Git already has ambiguity problems around commit signing: there are multiple ways to interpret a signature on a commit:
-
I assert that this snapshot and commit message were authored as described in this commit's metadata. (In this interpretation, the signature's authenticity guarantees do not transitively apply to parents.)
-
I assert that this snapshot and commit message were authored as described in this commit's metadata, based on exactly the parent commits described. (In this interpretation, the signature's authenticity guarantees do transitively apply to parents. This is the interpretation favoured by XXX LINK HERE XXX.)
-
I assert that this diff and commit message was authored as described in this commit's metadata. (No assertions about the snapshot are made whatsoever, and assertions about parentage are barely sensical at all. This meshes with widespread, diff-oriented policies.)
Grafts and Replacements
Git permits post-hoc replacement of arbitrary objects via both the grafts
system (via an untracked, non-distributed file in .git, though some
repositories distribute graft lists for end-users to manually apply) and the
replacements system (via refs/replace/<SHA1>, which can optionally be
fetched or pushed). The interaction between these two systems and signature
verification needs to be very closely considered; I've not yet done so.
Cases of note:
- Neither signature nor subject replaced - the "normal" case
- Signature not replaced, subject replaced (by graft, by replacement, by both)
- Signature replaced, subject not replaced
- Both signature and subject replaced
It's tempting to outright disable git replace during signing and
verification, but this will have surprising effects when signing a ref-ish
instead of a bare hash. Since this is the normal case, I think this merits
more thought. (I'm also not aware of a way to disable grafts without
modifying .git, and having the two replacement mechanisms treated
differently may be dangerous.)
No Signed Refs
I mentioned early in this draft that Git's existing signing system doesn't support signing refs themselves; since refs are an important piece of Git's workflow ecosystem, this may be a major omission. Unfortunately, this proposal doesn't address that.
Possible Refinements
- Monotone's certificate system is key+value based, rather than label-based. This might be useful; while small pools of related values can be asserted using mutually exclusive policy labels (whose mutual exclusion is a matter of local interpretation), larger pools of related values rapidly become impractical under the proposed system.

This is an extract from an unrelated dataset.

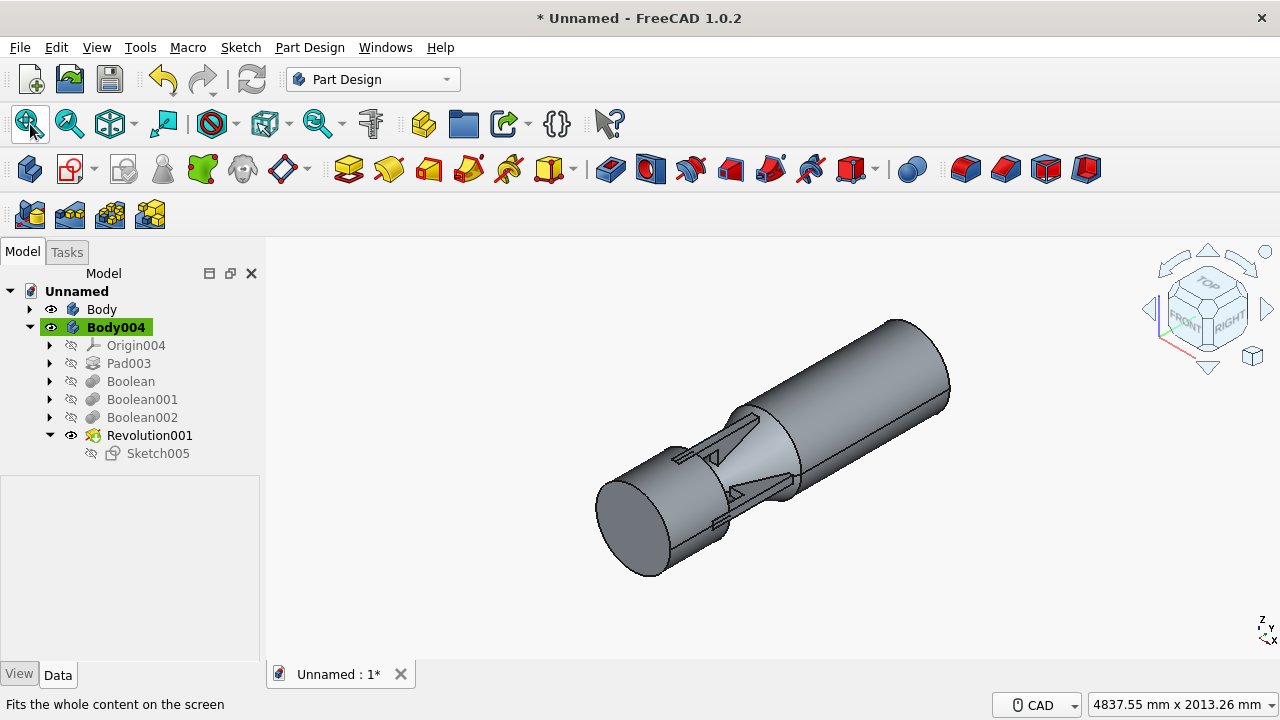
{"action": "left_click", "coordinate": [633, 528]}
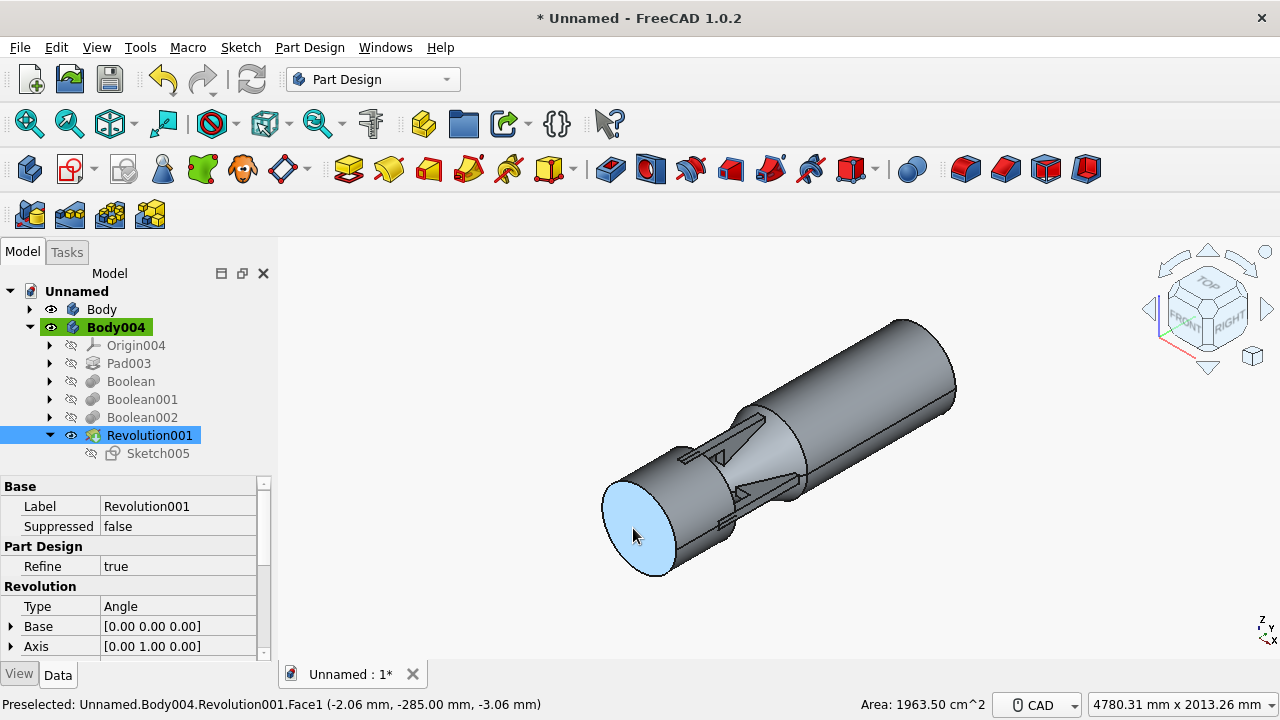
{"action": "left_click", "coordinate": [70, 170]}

For example, this proposal would be inappropriate for directly asserting third-party authorship; the asserted author would have to appear in the policy name itself, exposing the user to a potentially very large number of similar policy labels.
-
Ref signing via a manifest (a tree constellation whose paths are ref names and whose blobs sign the refs' values). Consider cribbing DNSSEC here for things like lightweight absence assertions, too.
-
Describe how this should interact with commit-duplicating and commit-rewriting workflows.